• Work required
Identify all lines in the data containing the string "shot". Copy them out.

== Segment start ==

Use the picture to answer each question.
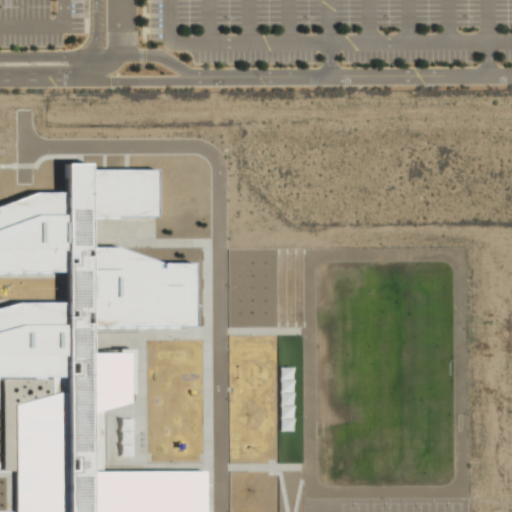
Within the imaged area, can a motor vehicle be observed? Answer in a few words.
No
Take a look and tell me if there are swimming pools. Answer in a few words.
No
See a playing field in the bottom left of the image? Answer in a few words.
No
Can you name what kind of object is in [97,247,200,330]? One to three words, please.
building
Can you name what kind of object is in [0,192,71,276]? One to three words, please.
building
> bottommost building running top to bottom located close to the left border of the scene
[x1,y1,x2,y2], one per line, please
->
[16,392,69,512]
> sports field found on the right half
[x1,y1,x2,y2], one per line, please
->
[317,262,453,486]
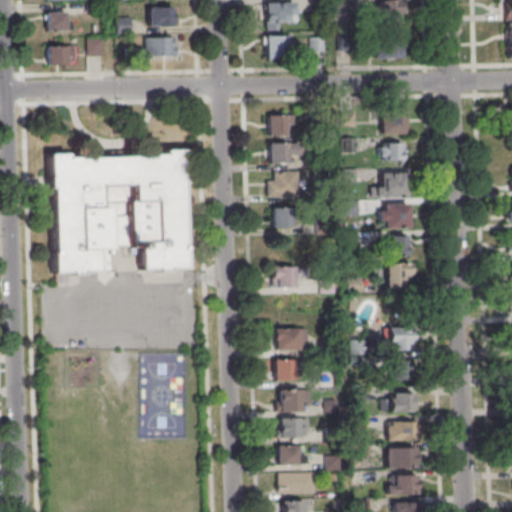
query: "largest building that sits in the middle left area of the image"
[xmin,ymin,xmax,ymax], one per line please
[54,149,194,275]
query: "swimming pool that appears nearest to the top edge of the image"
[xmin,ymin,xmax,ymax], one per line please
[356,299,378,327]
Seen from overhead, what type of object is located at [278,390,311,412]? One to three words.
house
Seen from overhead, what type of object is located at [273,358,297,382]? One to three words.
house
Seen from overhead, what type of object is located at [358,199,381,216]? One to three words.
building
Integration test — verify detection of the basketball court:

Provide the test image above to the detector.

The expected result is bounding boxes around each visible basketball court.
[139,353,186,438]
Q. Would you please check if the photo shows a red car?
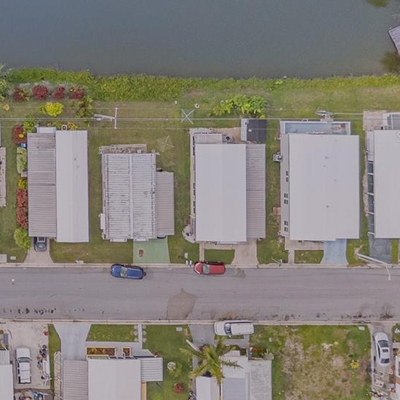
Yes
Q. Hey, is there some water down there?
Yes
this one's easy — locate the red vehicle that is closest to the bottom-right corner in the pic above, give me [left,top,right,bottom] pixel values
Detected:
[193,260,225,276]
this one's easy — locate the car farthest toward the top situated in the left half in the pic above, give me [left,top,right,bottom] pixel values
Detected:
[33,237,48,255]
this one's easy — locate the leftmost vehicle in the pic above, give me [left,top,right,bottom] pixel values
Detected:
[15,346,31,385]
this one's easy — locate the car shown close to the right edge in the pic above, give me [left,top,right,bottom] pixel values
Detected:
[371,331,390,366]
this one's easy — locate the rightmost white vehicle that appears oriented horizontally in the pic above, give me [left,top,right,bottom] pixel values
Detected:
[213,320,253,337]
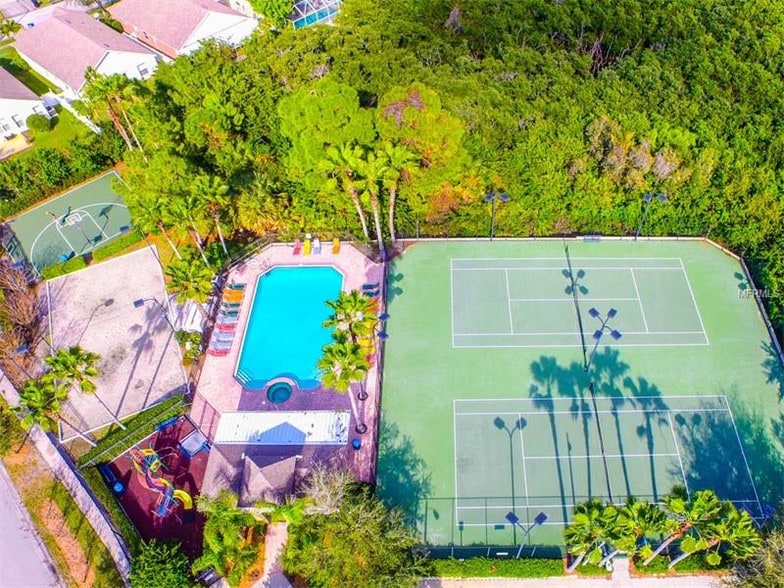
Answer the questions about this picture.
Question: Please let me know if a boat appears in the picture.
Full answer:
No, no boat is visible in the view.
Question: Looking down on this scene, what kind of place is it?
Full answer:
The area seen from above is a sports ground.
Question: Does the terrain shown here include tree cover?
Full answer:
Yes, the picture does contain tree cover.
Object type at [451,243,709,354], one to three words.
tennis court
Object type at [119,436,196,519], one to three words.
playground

== Segment end ==
== Segment start ==

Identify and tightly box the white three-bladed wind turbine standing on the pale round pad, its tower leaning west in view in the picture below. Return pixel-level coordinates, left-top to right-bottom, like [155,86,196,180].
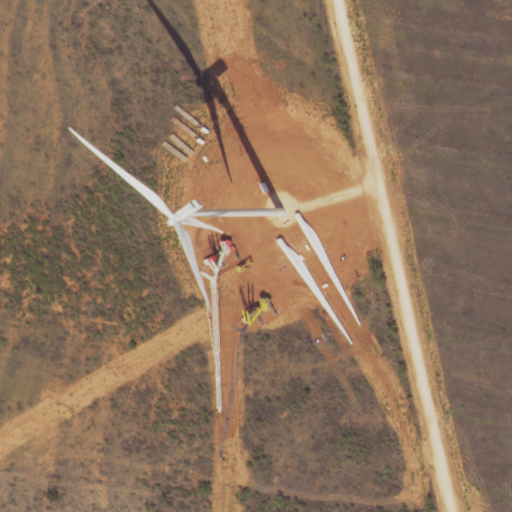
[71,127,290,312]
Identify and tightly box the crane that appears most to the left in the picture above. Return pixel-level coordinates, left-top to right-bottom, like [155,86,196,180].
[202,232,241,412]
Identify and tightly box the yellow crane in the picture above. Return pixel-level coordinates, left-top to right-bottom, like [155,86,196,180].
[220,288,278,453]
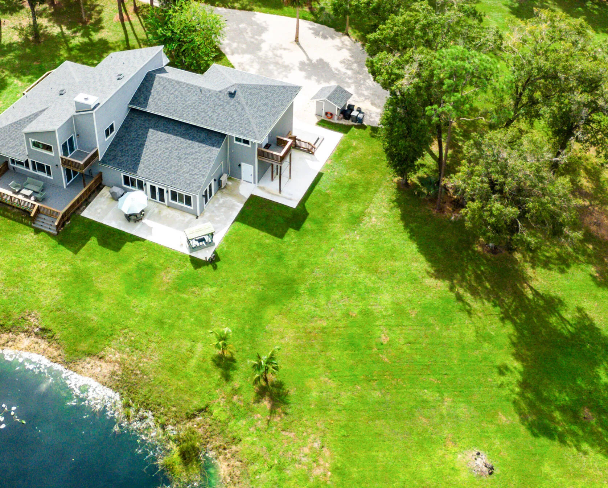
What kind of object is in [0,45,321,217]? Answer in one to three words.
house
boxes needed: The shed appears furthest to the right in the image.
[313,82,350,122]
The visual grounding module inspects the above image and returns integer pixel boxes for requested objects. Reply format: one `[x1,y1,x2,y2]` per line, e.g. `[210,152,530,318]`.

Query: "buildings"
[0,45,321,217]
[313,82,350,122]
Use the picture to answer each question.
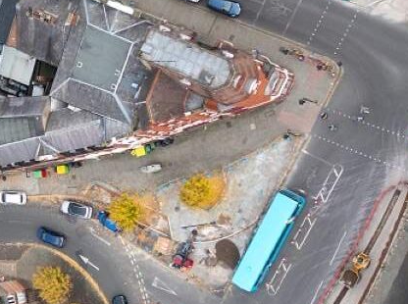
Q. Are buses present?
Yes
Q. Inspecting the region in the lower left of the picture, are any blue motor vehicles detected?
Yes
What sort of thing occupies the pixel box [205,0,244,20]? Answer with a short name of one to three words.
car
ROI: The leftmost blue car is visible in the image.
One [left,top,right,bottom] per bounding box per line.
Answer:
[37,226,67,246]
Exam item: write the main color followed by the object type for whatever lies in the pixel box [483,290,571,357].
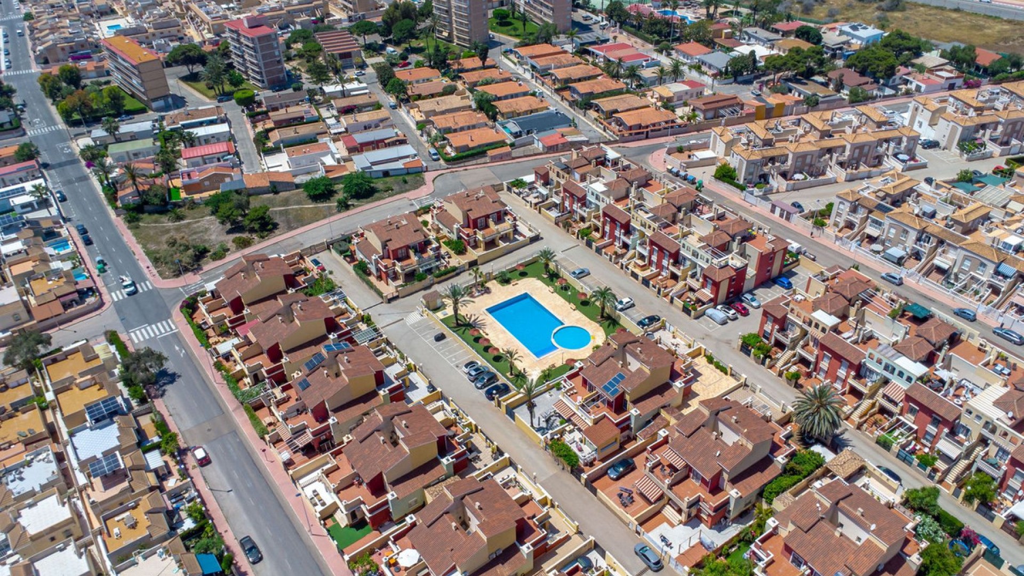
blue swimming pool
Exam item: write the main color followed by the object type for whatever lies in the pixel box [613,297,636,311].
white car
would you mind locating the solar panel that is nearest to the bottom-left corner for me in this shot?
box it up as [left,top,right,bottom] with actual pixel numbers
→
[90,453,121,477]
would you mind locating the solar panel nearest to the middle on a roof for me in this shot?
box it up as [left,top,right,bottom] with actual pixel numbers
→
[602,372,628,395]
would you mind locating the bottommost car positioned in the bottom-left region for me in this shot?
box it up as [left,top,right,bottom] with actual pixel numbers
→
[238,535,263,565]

== Segment end ==

• Response to the exercise
would you mind locating the solar panel that is nearest to the bottom-left corner for me in this shot?
would you mind locating the solar panel nearest to the middle on a roof for me in this shot?
would you mind locating the bottommost car positioned in the bottom-left region for me in this shot?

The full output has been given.